The first examination

1.7K 128 33
                                    

Fanny menatap sedih monitor di sisi ranjang periksanya. Air mata menetes dan dia segera mengusapnya secara perlahan. Tidak ada tangan yang selalu membantu menghapuskan air matanya. Menggenggam jemarinya dan mengucapkan kata kata cinta penuh rayuan.

" Aku harus bertugas lagi ke luar pulau, baby. Kau baik baik di rumah ya, jaga bayi di perutmu. Dan baby, Daddy titip Mommy ya, jangan nakal." 

Seminggu lalu Maxwell kembali harus pergi bertugas. Meski terasa begitu berat, Fanny tahu betul konsekuensi menikah dengan abdi negara. Fanny menerima pilihannya dengan lapang dada.

" Kehamilanku sudah memasuki usia enam bulan. Semoga kau bisa kembali sebelum waktunya. Aku ingin kau temani, ketika bayi ini lahir." Ucap Fanny penuh harap, sesaat sebelum Maxwell beranjak pergi. Lalu pelukan dan ciuman diterimanya dengan air mata yang ikut menemani.
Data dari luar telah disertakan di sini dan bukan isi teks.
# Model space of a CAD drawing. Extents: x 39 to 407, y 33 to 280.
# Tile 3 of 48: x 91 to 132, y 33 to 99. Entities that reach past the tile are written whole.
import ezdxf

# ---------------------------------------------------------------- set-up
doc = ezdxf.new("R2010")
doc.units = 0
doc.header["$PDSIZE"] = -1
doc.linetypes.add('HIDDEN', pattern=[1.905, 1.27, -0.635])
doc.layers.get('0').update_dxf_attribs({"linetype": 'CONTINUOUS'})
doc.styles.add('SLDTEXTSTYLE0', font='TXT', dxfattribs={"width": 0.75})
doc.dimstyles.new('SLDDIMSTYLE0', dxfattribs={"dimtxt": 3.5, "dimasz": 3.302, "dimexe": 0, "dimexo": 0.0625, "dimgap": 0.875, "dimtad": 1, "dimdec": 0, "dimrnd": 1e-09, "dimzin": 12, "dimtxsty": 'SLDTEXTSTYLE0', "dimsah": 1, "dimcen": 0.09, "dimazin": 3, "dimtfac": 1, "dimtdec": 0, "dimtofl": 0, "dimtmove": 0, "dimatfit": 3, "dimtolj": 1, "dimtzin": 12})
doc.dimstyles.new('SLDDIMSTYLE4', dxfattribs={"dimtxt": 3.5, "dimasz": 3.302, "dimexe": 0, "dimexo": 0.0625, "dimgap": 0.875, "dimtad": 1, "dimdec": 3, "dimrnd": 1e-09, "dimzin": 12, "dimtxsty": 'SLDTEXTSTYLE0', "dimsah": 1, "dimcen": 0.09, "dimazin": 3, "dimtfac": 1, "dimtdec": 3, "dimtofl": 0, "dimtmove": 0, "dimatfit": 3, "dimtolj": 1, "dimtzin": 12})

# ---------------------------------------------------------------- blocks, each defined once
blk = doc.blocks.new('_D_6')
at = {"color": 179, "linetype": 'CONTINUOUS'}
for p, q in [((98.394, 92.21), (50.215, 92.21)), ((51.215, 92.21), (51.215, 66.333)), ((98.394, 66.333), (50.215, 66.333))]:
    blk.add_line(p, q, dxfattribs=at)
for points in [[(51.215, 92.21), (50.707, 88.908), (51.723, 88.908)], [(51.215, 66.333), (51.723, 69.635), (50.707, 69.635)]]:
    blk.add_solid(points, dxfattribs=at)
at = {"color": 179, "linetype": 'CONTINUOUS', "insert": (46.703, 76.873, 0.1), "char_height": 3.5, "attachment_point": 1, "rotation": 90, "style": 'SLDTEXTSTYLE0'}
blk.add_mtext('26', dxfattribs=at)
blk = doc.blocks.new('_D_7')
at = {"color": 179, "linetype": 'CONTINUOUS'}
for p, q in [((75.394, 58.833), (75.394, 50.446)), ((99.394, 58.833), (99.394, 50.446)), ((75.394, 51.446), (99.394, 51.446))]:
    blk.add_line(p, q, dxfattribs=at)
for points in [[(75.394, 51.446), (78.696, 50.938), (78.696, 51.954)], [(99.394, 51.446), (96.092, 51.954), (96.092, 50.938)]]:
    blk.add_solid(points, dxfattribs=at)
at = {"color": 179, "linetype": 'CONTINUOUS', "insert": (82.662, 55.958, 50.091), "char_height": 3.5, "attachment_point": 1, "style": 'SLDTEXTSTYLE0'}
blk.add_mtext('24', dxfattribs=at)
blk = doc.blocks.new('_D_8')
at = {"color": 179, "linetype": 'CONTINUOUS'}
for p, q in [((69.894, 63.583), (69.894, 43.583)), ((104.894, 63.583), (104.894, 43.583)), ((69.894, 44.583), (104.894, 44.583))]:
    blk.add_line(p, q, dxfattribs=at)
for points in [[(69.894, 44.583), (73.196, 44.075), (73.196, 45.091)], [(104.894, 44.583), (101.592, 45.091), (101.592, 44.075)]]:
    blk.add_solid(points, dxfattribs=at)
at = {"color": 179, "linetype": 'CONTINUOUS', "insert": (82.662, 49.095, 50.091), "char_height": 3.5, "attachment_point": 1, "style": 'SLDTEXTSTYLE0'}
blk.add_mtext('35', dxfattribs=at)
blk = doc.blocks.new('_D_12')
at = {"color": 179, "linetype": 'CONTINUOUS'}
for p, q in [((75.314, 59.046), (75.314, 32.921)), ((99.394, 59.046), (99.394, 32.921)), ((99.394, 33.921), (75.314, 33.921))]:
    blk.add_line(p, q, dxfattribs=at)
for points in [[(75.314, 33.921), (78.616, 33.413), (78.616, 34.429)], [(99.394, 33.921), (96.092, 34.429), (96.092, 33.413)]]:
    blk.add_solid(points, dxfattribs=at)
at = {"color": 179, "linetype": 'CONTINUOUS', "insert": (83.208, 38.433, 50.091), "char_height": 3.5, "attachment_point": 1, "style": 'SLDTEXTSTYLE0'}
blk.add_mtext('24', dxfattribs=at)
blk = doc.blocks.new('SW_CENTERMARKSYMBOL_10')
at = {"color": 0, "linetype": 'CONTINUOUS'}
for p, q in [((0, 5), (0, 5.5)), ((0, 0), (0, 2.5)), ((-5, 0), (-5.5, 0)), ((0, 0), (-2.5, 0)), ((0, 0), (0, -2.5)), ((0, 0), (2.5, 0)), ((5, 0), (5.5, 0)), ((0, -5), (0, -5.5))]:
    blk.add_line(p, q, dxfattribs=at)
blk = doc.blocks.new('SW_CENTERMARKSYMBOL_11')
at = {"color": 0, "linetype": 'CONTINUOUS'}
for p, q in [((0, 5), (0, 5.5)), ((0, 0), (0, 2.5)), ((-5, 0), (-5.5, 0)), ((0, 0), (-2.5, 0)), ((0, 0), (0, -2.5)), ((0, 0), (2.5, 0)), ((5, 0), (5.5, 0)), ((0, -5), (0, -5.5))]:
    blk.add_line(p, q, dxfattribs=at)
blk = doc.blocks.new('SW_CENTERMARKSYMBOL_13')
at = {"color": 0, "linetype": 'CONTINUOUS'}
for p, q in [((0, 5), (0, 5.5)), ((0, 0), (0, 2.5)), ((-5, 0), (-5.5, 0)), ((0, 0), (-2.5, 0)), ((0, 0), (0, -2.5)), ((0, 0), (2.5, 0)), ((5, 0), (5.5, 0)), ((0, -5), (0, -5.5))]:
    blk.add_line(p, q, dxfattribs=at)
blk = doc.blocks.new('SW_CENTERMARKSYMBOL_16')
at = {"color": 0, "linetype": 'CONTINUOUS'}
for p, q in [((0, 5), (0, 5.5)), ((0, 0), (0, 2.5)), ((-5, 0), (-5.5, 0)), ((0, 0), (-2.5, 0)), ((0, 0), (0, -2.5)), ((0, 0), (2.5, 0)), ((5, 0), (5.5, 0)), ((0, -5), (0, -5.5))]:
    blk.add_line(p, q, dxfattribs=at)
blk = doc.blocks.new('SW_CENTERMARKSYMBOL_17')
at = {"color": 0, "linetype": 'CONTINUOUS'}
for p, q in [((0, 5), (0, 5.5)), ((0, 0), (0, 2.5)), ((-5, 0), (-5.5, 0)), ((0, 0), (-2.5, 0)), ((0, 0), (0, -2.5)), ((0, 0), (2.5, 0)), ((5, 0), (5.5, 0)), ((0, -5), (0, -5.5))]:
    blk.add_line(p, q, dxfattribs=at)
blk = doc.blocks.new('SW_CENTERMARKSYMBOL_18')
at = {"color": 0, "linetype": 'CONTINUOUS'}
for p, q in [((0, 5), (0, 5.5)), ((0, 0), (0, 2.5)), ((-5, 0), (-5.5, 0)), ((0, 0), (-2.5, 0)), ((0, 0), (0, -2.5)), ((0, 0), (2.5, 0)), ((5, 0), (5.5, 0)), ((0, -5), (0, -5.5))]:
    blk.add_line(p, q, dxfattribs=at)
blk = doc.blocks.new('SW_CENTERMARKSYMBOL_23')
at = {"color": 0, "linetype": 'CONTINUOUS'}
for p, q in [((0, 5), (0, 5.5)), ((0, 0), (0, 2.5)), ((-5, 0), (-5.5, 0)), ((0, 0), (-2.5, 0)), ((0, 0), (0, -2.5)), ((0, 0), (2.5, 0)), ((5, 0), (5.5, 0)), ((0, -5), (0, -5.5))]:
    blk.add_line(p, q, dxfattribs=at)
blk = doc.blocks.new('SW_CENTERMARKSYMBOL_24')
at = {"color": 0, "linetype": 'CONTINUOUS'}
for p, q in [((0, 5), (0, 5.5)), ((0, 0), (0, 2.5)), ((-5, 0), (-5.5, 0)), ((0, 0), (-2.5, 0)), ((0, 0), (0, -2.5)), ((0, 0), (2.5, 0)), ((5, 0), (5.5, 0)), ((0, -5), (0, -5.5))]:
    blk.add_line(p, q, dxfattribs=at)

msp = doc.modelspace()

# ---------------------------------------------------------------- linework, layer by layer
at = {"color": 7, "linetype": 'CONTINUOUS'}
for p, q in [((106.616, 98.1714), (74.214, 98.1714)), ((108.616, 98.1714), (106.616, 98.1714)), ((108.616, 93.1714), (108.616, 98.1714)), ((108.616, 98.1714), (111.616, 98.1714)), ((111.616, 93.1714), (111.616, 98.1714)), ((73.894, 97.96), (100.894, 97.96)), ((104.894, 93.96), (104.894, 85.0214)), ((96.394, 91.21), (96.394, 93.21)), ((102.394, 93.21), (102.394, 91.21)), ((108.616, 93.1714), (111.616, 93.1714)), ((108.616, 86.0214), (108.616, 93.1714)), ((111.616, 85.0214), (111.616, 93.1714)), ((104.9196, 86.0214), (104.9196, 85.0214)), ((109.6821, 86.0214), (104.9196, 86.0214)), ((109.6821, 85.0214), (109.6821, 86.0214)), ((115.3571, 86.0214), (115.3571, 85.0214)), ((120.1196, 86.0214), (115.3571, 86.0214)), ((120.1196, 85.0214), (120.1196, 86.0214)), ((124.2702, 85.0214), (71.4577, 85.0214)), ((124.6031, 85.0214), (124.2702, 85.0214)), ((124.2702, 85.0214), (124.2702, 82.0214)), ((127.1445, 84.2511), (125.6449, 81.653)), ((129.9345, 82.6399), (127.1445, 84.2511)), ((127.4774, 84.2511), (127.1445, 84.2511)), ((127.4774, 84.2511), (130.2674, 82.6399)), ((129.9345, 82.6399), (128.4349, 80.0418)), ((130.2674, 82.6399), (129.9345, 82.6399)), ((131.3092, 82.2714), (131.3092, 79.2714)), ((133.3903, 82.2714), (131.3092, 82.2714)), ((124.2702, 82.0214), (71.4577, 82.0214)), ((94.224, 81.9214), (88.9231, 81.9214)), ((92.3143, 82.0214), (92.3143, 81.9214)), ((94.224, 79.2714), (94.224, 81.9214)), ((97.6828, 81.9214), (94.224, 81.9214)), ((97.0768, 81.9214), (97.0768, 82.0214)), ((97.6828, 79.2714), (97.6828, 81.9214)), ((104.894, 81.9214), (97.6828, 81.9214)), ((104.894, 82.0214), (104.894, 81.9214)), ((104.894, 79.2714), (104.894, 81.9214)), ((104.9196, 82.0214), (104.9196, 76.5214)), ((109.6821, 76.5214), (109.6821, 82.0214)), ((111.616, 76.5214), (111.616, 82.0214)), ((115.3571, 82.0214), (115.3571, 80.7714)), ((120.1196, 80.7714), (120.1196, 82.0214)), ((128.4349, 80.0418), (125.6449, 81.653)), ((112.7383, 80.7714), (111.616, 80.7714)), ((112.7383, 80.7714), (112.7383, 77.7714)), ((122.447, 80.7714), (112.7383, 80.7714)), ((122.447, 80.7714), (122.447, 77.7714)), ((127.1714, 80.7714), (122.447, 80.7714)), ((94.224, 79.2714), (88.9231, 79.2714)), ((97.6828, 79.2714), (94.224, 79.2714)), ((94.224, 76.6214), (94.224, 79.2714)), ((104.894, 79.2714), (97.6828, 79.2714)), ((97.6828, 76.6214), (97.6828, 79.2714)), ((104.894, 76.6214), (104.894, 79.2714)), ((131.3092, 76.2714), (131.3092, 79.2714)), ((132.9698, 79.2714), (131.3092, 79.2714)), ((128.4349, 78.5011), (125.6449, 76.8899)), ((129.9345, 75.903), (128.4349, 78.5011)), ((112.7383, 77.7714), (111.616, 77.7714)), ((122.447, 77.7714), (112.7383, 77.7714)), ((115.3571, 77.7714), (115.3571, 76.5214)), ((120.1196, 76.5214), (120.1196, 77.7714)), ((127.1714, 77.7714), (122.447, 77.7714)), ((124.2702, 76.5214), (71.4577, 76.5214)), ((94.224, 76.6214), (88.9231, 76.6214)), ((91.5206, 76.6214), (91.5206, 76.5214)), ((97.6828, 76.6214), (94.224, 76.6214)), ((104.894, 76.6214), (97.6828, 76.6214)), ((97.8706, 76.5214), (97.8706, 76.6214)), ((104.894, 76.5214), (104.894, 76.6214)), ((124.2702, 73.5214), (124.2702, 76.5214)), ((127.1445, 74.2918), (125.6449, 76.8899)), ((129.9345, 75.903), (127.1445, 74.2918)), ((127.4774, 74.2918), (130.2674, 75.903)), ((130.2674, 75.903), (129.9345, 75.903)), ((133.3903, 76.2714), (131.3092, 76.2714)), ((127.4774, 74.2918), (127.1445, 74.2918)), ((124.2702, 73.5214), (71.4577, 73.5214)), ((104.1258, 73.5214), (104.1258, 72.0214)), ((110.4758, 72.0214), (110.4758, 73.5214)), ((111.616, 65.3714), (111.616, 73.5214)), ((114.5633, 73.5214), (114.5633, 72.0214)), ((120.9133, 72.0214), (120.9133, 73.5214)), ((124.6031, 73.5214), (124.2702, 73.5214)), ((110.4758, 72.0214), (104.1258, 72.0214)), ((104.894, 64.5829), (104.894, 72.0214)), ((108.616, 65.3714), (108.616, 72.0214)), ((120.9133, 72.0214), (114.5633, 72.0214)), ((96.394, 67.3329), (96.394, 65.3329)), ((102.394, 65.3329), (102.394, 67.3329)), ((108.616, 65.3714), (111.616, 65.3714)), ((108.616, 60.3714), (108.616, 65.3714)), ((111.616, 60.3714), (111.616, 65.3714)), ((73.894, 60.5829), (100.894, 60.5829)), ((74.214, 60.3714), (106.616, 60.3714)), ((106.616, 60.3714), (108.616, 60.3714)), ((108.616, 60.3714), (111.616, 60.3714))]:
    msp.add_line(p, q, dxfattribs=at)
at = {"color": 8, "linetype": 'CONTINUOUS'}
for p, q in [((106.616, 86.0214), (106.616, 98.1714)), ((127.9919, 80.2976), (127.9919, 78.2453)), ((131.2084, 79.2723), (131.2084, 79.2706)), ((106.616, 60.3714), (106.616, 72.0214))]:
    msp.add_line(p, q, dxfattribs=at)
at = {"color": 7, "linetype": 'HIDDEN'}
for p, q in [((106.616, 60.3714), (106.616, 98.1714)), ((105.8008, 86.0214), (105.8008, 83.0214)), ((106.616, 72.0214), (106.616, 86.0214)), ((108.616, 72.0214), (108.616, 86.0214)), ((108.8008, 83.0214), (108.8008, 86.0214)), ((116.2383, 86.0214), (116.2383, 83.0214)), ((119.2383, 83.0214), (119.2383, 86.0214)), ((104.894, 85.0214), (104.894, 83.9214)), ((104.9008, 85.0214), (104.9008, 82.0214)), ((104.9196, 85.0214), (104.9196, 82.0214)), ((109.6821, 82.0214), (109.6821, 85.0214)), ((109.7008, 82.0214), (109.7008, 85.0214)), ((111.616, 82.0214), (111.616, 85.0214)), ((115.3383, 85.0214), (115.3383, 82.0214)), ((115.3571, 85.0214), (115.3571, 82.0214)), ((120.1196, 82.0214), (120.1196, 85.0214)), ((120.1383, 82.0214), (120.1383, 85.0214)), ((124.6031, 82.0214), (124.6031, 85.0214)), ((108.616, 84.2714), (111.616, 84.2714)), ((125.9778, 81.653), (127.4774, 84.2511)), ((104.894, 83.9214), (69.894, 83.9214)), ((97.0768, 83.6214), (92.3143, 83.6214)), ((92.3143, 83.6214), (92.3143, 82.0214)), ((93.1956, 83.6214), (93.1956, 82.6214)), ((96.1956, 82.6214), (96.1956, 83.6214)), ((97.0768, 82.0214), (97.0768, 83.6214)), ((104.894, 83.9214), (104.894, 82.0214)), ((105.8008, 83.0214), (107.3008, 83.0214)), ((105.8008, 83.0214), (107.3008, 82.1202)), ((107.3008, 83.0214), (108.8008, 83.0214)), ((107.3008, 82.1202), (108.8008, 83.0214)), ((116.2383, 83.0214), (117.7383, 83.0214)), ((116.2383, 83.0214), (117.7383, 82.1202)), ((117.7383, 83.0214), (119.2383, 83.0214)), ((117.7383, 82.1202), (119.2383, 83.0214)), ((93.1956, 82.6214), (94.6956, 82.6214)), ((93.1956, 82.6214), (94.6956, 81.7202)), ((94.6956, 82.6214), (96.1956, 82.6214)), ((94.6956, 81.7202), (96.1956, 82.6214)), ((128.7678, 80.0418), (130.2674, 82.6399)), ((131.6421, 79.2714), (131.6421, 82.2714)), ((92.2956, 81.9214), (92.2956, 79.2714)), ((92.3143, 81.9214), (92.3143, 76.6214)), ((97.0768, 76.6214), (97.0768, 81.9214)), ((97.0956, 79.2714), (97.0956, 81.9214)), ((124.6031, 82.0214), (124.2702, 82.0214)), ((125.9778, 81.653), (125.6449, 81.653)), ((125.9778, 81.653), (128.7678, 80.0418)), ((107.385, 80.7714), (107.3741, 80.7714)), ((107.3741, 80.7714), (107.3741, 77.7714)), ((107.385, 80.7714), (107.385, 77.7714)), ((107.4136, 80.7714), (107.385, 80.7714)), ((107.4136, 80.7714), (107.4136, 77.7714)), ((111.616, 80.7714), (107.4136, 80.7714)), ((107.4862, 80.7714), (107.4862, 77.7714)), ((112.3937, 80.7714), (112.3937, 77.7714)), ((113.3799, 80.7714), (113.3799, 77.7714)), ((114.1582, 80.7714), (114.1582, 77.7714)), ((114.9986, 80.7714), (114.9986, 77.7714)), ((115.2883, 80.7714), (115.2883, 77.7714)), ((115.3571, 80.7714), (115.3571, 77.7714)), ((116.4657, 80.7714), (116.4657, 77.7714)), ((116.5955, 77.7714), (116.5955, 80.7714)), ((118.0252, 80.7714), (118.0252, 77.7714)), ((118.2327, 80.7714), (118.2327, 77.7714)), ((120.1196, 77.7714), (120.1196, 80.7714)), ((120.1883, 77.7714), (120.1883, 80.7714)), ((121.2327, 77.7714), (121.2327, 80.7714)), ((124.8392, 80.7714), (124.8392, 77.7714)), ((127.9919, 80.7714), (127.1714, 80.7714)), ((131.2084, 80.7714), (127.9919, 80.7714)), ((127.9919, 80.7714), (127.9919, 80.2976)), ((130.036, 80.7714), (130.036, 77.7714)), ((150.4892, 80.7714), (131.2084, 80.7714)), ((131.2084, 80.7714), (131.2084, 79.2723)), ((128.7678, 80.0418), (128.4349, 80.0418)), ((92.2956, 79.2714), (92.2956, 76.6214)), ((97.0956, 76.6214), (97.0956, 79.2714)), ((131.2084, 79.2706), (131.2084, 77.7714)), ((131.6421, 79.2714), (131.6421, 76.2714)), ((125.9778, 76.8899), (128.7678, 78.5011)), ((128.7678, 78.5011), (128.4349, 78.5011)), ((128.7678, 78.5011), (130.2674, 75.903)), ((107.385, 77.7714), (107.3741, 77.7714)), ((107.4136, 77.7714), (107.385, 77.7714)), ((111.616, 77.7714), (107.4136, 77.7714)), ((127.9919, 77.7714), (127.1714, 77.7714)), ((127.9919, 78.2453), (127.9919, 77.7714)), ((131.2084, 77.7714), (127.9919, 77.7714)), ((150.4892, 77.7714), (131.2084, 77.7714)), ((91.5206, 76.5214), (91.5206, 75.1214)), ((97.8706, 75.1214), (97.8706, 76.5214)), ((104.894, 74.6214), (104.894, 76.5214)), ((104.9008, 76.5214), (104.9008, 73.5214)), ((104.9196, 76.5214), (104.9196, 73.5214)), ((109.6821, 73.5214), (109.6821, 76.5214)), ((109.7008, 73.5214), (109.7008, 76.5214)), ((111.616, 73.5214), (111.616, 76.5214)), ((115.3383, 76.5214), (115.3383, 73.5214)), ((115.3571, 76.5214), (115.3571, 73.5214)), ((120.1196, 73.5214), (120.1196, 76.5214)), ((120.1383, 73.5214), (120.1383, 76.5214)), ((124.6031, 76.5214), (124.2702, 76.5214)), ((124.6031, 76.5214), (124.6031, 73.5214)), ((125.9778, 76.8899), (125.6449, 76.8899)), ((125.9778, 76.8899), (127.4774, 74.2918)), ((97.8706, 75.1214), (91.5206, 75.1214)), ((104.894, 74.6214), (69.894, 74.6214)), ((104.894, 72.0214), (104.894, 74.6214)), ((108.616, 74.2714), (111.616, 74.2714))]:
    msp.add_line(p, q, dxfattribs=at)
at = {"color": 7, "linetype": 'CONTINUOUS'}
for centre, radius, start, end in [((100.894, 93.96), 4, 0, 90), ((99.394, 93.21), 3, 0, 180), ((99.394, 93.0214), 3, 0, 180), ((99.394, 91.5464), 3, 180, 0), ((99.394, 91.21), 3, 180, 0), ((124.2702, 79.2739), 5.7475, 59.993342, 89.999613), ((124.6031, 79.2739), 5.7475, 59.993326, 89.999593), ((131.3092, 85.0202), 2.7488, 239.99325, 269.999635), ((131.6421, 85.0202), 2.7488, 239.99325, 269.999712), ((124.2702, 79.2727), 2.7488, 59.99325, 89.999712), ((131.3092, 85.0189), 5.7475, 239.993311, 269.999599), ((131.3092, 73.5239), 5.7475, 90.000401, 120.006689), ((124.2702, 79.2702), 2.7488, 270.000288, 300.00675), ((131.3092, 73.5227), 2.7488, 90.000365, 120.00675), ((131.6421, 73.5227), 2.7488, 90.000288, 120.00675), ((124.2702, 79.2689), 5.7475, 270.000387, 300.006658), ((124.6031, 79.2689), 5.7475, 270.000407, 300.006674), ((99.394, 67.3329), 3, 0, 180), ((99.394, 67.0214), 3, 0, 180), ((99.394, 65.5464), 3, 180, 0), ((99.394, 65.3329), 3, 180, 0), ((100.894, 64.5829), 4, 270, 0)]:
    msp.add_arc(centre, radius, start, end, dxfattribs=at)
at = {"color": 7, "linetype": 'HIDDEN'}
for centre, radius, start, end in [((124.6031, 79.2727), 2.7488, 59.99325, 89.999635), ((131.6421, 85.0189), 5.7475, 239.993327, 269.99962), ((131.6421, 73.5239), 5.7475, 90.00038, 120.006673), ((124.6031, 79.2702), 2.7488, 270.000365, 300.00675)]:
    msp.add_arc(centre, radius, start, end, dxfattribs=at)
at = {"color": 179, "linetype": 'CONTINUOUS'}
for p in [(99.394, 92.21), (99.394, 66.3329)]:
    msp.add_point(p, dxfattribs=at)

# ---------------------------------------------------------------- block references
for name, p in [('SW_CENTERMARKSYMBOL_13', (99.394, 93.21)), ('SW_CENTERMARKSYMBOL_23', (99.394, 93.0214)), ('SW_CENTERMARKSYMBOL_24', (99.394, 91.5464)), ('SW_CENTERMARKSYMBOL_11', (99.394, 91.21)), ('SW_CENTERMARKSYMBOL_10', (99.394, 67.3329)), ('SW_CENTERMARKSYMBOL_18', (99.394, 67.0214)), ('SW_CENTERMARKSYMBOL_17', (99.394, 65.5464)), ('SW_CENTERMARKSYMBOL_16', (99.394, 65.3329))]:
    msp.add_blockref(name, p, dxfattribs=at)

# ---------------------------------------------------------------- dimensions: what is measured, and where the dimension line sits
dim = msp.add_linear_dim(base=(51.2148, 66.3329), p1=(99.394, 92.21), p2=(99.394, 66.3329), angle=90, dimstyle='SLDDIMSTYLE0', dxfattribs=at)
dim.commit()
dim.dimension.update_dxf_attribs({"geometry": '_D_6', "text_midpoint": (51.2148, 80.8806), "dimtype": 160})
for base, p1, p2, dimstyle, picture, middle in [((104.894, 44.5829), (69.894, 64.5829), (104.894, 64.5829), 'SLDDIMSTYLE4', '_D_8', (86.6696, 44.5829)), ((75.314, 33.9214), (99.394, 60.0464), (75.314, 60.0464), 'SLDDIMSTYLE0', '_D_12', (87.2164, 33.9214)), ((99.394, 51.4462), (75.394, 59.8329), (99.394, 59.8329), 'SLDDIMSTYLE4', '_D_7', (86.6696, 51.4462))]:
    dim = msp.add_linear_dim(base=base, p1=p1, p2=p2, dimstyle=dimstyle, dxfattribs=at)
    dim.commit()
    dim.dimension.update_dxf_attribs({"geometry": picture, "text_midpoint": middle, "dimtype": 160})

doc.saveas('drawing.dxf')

" Bagaimana perasaannya, dok. Ditinggal tugas lagi ya."

Fanny melengak, mendengar suara dokter yang memeriksanya. Membuat Fanny mengulaskan senyumnya. Lalu dia mengangguk perlahan.

" Rasanya ada yang hilang. Kontrol tidak ditemani. Tapi sejak awal aku sudah tahu ini akan terjadi." Lirih Fanny dengan suara datar, tapi tak urung air matanya kembali menitik.

" Ada mama, sayang."

Sebuah suara membuat Fanny menoleh ke arah pintu. Sesosok paruh baya yang masih cantik tersenyum menatapnya.

" Mama, datang dengan siapa?"

Sedikit terpekik Fanny menyambut Ibu mertuanya. Rasa sedihnya sedikit hilang, berganti kehangatan karena tatapan sayang wanita itu.

" Dengan Mom tentunya. Mana tega kami membiarkan kau sendirian. Apalagi sedang mengandung calon cucu kami."

" Mom, ya Tuhan. Kau sampai rela meninggalkan kerajaan fashion demi menemaniku?"

Fanny sedikit mengangkat tubuhnya karena kaget dengan kehadiran Ibu tercintanya. Dua wanita paruh baya cantik itu mengusap lengan Fanny. Menghadirkan ketenangan di diri Fanny. Mereka berdiri bersisian di sisi ranjang periksa. Menatap layar monitor yang memperlihatkan bayi di perut Fanny dengan mata berlinang air mata.

" Lihat, dia begitu imut. Lucu sekali." Lirih Mama sambil mengusap air matanya.

" Kau sudah dewasa, Cornellia. Ada bayi kecil di perutmu. Lihat, ya dia lucu dan imut sekali." Ucap Mom sambil tangannya mengusap lembut kepala Fanny. Mata kedua Ibu itu saling menatap dengan air mata yang merebak.

" Maxwell sulit sekali dihubingi." Ucap Mama sambil berdecak.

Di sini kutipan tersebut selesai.